▶ [TASK TO COMPLETE]:
Return nothing but the lines from the one containing "Task: one 3D bounding box for each." through the end of the records below, exactly as they stand and without pictures.

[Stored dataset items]
↓↓↓

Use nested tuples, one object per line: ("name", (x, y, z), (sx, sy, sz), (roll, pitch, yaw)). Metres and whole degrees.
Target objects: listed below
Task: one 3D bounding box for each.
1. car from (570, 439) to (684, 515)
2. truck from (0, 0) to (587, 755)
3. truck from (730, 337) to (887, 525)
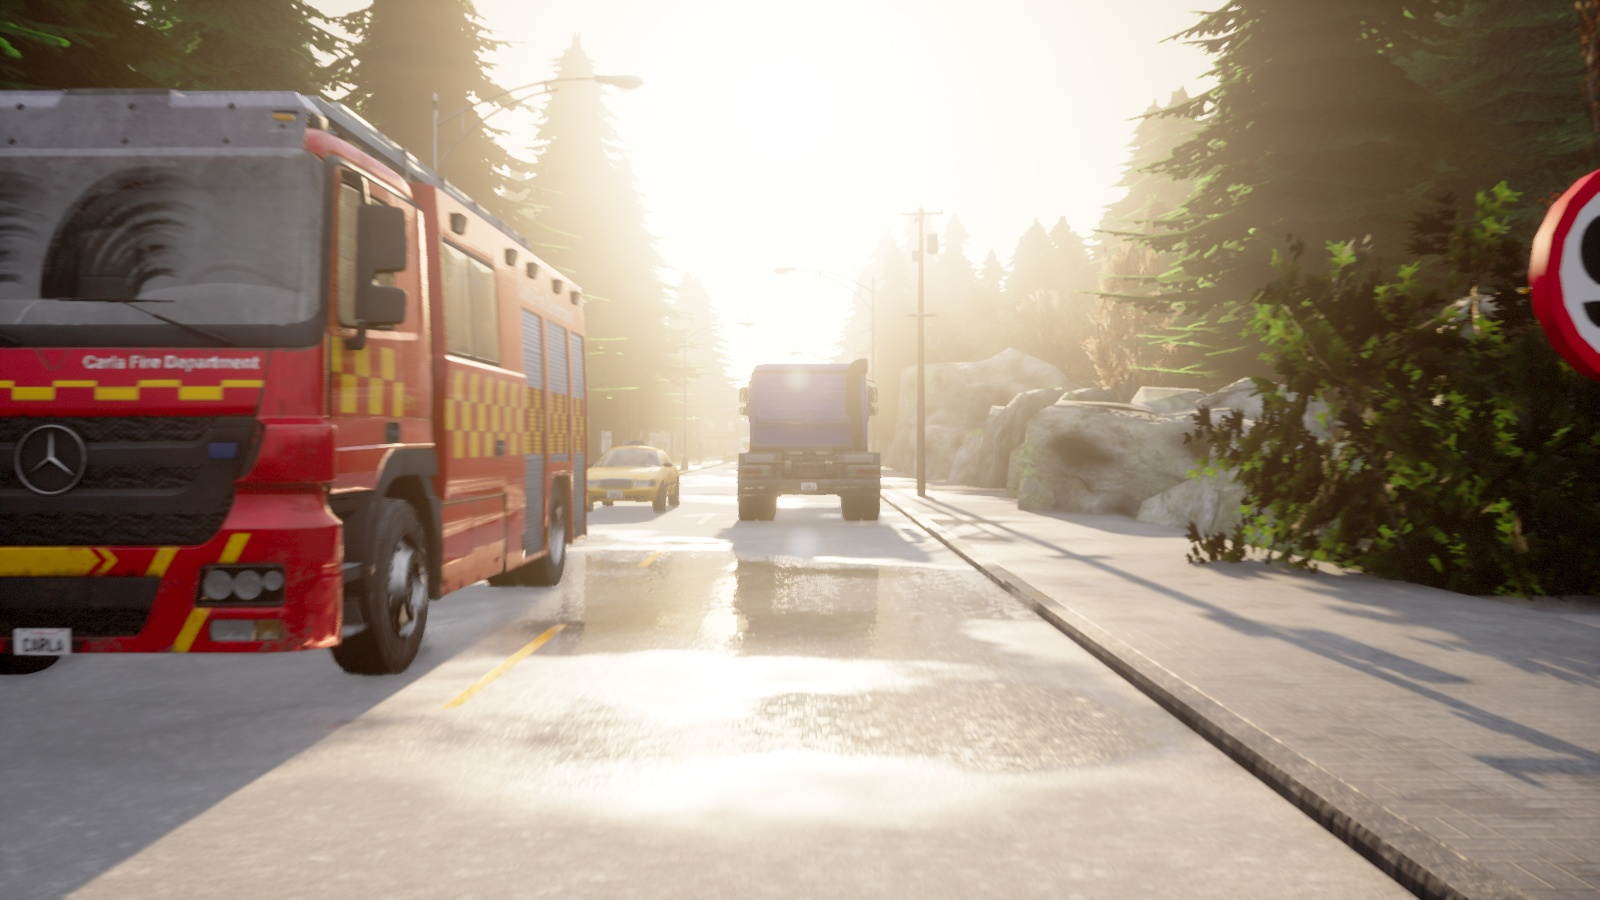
("car", (-3.802, 0.538, 28.489), (1.801, 1.575, 5.366), (0, 0, 0))
("truck", (-3.925, -0.473, 10.250), (2.891, 3.827, 8.468), (0, 0, 0))
("truck", (0.189, -0.372, 27.081), (2.891, 3.462, 7.936), (0, 0, 0))

↑↑↑

▶ [TASK OUTPUT]:
Task: one 3D bounding box for each.
1. car from (570, 439) to (684, 515)
2. truck from (0, 0) to (587, 755)
3. truck from (730, 337) to (887, 525)
("car", (-3.802, 0.538, 28.489), (1.801, 1.575, 5.366), (0, 0, 0))
("truck", (-3.925, -0.473, 10.250), (2.891, 3.827, 8.468), (0, 0, 0))
("truck", (0.189, -0.372, 27.081), (2.891, 3.462, 7.936), (0, 0, 0))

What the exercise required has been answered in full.